Al final del día, lo que Israel persigue –como todos los países del mundo– no es el progreso de la humanidad, sino sus propios intereses estratégicos, que difieren de los occidentales en escenarios tan importantes como el de Ucrania. Allí se libra una guerra que, desde otra perspectiva –en este caso política, no militar– también enfrenta a la civilización con la barbarie. No ha movido un dedo el primer ministro israelí para poner al servicio de la invadida Ucrania su asombrosa tecnología militar, y nadie puede reprocharle a Netanyahu su independencia de criterio. Sin embargo, no es él quien puede darnos lecciones a los demás envolviéndose en la bandera de la civilización.

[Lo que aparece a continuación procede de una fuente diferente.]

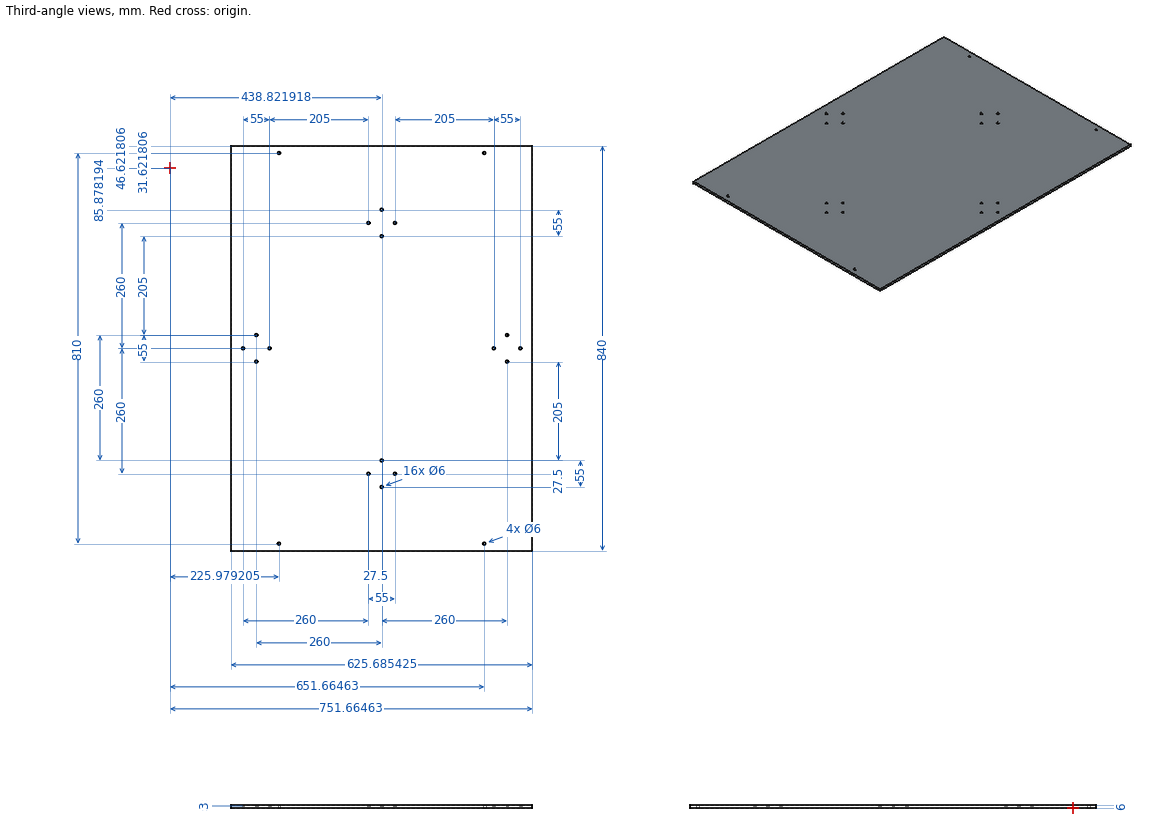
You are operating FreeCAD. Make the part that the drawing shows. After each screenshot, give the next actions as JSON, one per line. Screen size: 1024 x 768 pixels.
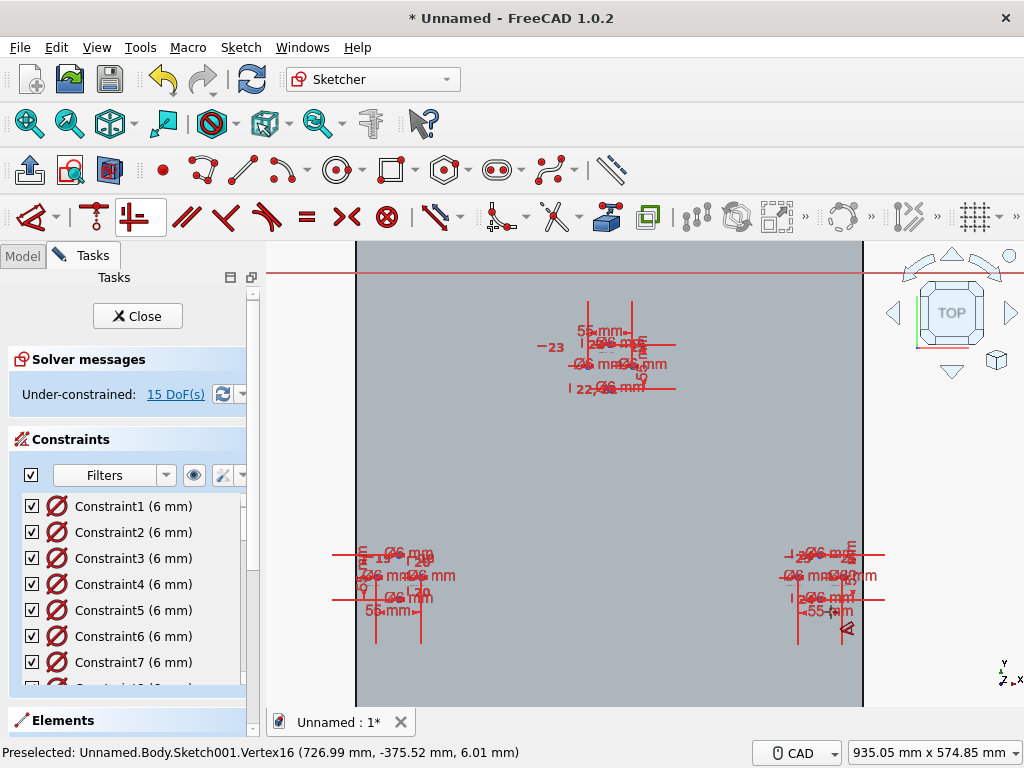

Dicho esto, los países de la UE también deben actuar, en esta guerra como en la de Ucrania, en defensa de sus intereses estratégicos. Y, aunque solo se note cuando nos falta, el más importante de ellos es la seguridad. No nos conviene una Rusia vencedora en nuestras fronteras orientales ni tampoco un Irán convertido en la primera potencia de Oriente Próximo. El régimen de los ayatolás no tiene más razón de ser que la exportación de la revolución islámica. Si no existiera Israel, tendría que buscarse otro enemigo para dar cohesión a una sociedad que, como todas, demanda libertades y progreso económico… pero tiene que conformarse con una ración diaria de odio. De la mano de Irán, lo ocurrido en Yemen tras la guerra civil podría repetirse en cualquiera de los países de la ribera sur del Mediterráneo, y nadie querría ver a un grupo radical como los hutíes amenazando el sur de Europa con armas iraníes. 

Es cierto, pues, que a todos nos conviene la seguridad de Israel, que, con sus defectos, es la única verdadera democracia en la región. De hecho, el pasado mes de abril, Francia contribuyó a esa seguridad con la intervención de sus aviones de combate sobre el cielo jordano para ayudar a repeler el ataque iraní. También sus buques participan en la defensa del tráfico marítimo en el mar Rojo. No puede acusarse a Macron de mirar para otro lado. Sin embargo, defiende sus intereses, los de Europa y los de la civilización cuando presiona para que la paz llegue a Oriente Próximo –un Oriente muy próximo para nosotros– por la única vía realmente civilizada, que pasa por el cumplimiento, por unos y por otros, de las resoluciones del hoy tan desprestigiado Consejo de Seguridad de la ONU.